Plaintiff cannot prevail regardless of whether the doctrine of uninterruptible peremption is strictly implied, see Pounds v. Schori, 377 So.2d 1195 (La.1979), or whether deference is paid to the Official Comments and La.C.C. Art. 3462. Under Art. 3462, regardless of whether federal court is considered “competent” jurisdiction, Algiers Iron Works was not named a defendant or served within fifteen days. A prior petition interrupts prescription only as to defendants named in the petition relied upon for interruption in the absence of solidary liability between an unnamed defendant and a named defendant. Martin v. Mud Supply Company, Inc., 239 La. 616, 119 So.2d 484 (1960); Melancon v.

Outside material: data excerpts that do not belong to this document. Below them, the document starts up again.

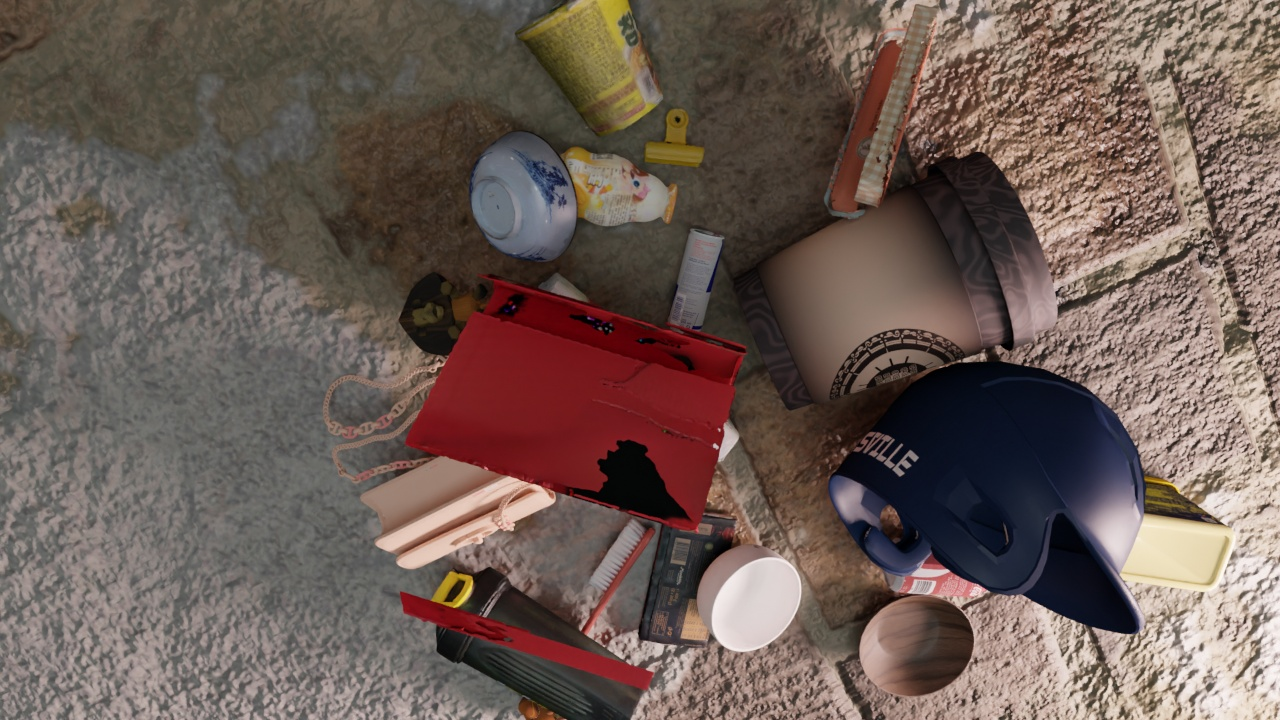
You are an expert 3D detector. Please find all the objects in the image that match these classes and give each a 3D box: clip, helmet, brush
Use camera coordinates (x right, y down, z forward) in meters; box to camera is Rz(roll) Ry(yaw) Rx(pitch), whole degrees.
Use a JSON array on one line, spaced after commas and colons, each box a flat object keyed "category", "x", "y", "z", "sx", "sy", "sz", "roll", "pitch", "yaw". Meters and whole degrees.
[{"category": "clip", "x": 0.031, "y": -0.195, "z": 0.811, "sx": 0.054, "sy": 0.045, "sz": 0.049, "roll": 6, "pitch": 130, "yaw": -2}, {"category": "helmet", "x": 0.326, "y": 0.124, "z": 0.797, "sx": 0.223, "sy": 0.232, "sz": 0.272, "roll": -37, "pitch": 86, "yaw": -10}, {"category": "brush", "x": -0.040, "y": 0.232, "z": 0.929, "sx": 0.030, "sy": 0.041, "sz": 0.172, "roll": 33, "pitch": 105, "yaw": 7}]

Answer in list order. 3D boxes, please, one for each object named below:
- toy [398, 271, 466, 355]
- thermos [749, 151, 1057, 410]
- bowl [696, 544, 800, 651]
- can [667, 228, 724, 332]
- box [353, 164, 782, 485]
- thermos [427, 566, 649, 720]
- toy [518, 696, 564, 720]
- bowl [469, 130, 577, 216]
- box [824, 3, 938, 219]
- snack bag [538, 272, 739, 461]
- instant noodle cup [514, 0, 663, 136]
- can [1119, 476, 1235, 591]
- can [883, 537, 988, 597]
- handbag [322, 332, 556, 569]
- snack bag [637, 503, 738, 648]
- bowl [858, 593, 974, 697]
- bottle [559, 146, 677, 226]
[{"category": "toy", "x": -0.167, "y": -0.044, "z": 0.827, "sx": 0.100, "sy": 0.062, "sz": 0.076, "roll": -11, "pitch": 88, "yaw": 20}, {"category": "thermos", "x": 0.209, "y": -0.057, "z": 0.789, "sx": 0.226, "sy": 0.172, "sz": 0.173, "roll": -23, "pitch": 105, "yaw": 11}, {"category": "bowl", "x": 0.102, "y": 0.230, "z": 0.911, "sx": 0.104, "sy": 0.054, "sz": 0.105, "roll": -9, "pitch": 110, "yaw": -25}, {"category": "can", "x": 0.050, "y": -0.072, "z": 0.843, "sx": 0.032, "sy": 0.032, "sz": 0.095, "roll": 12, "pitch": 105, "yaw": -5}, {"category": "box", "x": -0.031, "y": -0.016, "z": 0.633, "sx": 0.211, "sy": 0.410, "sz": 0.107, "roll": 17, "pitch": 75, "yaw": 4}, {"category": "thermos", "x": -0.103, "y": 0.282, "z": 0.890, "sx": 0.221, "sy": 0.098, "sz": 0.098, "roll": 31, "pitch": 103, "yaw": 5}, {"category": "toy", "x": -0.072, "y": 0.361, "z": 0.965, "sx": 0.103, "sy": 0.070, "sz": 0.090, "roll": 31, "pitch": 117, "yaw": -33}, {"category": "bowl", "x": -0.110, "y": -0.134, "z": 0.782, "sx": 0.114, "sy": 0.045, "sz": 0.114, "roll": 19, "pitch": 121, "yaw": 34}, {"category": "box", "x": 0.199, "y": -0.207, "z": 0.751, "sx": 0.054, "sy": 0.079, "sz": 0.186, "roll": 30, "pitch": 71, "yaw": -29}, {"category": "snack bag", "x": -0.005, "y": 0.005, "z": 0.841, "sx": 0.225, "sy": 0.077, "sz": 0.041, "roll": 42, "pitch": 95, "yaw": -12}, {"category": "instant noodle cup", "x": -0.035, "y": -0.251, "z": 0.762, "sx": 0.102, "sy": 0.102, "sz": 0.108, "roll": -30, "pitch": 114, "yaw": 6}, {"category": "can", "x": 0.475, "y": 0.161, "z": 0.885, "sx": 0.135, "sy": 0.104, "sz": 0.075, "roll": 9, "pitch": 105, "yaw": -4}, {"category": "can", "x": 0.298, "y": 0.208, "z": 0.920, "sx": 0.096, "sy": 0.054, "sz": 0.054, "roll": 5, "pitch": 106, "yaw": -3}, {"category": "handbag", "x": -0.175, "y": 0.084, "z": 0.883, "sx": 0.199, "sy": 0.117, "sz": 0.187, "roll": -26, "pitch": 64, "yaw": 0}, {"category": "snack bag", "x": 0.047, "y": 0.223, "z": 0.935, "sx": 0.074, "sy": 0.018, "sz": 0.155, "roll": 10, "pitch": 106, "yaw": -6}, {"category": "bowl", "x": 0.282, "y": 0.289, "z": 0.953, "sx": 0.119, "sy": 0.032, "sz": 0.119, "roll": 0, "pitch": 106, "yaw": -2}, {"category": "bottle", "x": -0.023, "y": -0.148, "z": 0.804, "sx": 0.109, "sy": 0.063, "sz": 0.063, "roll": 12, "pitch": 105, "yaw": -3}]
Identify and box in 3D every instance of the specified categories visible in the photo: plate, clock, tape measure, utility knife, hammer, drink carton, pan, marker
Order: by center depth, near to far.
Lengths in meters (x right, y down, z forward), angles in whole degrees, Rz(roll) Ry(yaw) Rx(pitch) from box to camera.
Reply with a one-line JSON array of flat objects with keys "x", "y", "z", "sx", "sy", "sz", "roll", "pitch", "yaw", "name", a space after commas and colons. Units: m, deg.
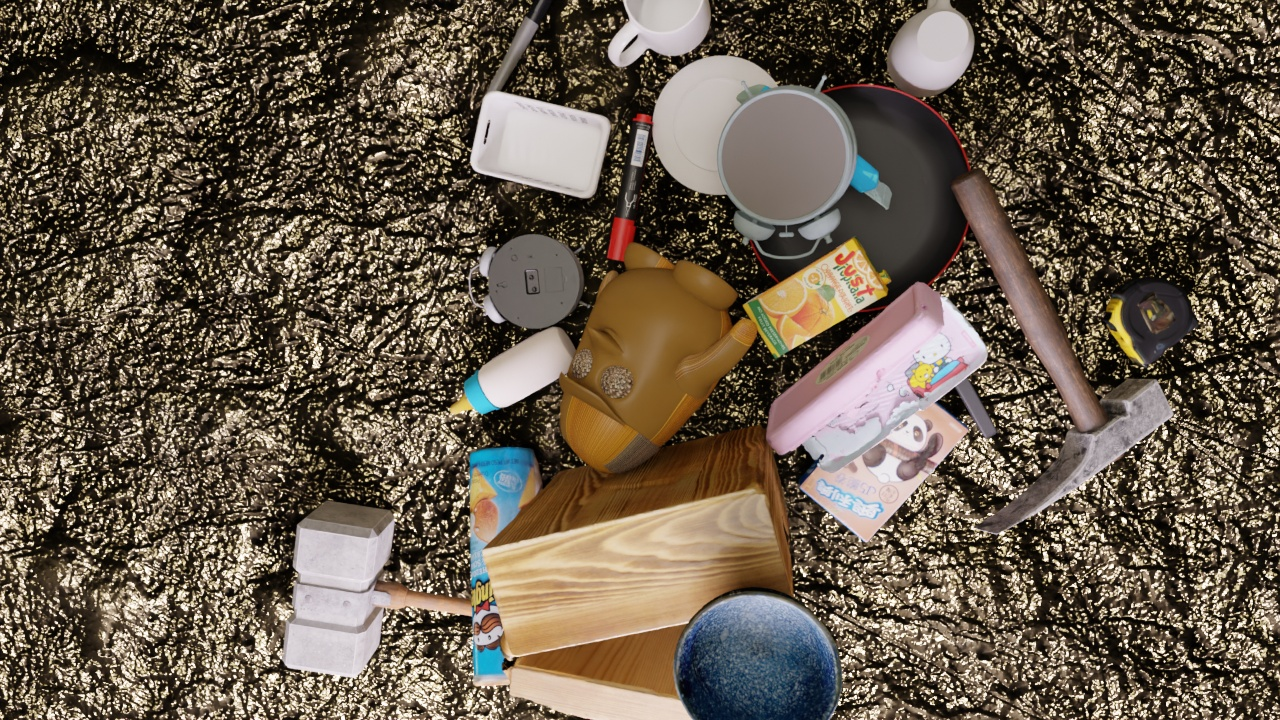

Tassin Amphibious Equipment Corporation, 427 So.2d 932 (La.App. 4th Cir.1983), writ denied 433 So.2d 166 (La.1983).
Even if R.S. 23:1634 applied to federal court, the Administrator is required to “send by registered mail to each other party to the proceeding a copy of the petition, and such mailing shall be deemed to be completed service upon all parties.” This did not occur.
The district court judgment is reversed and the Board of Review’s decision is reinstated.
REVERSED.
. Although case law interprets the source provisions to the present La.C.C. Art. 3462, the new statute does not change the law and the Official Comments state that jurisprudence remains relevant.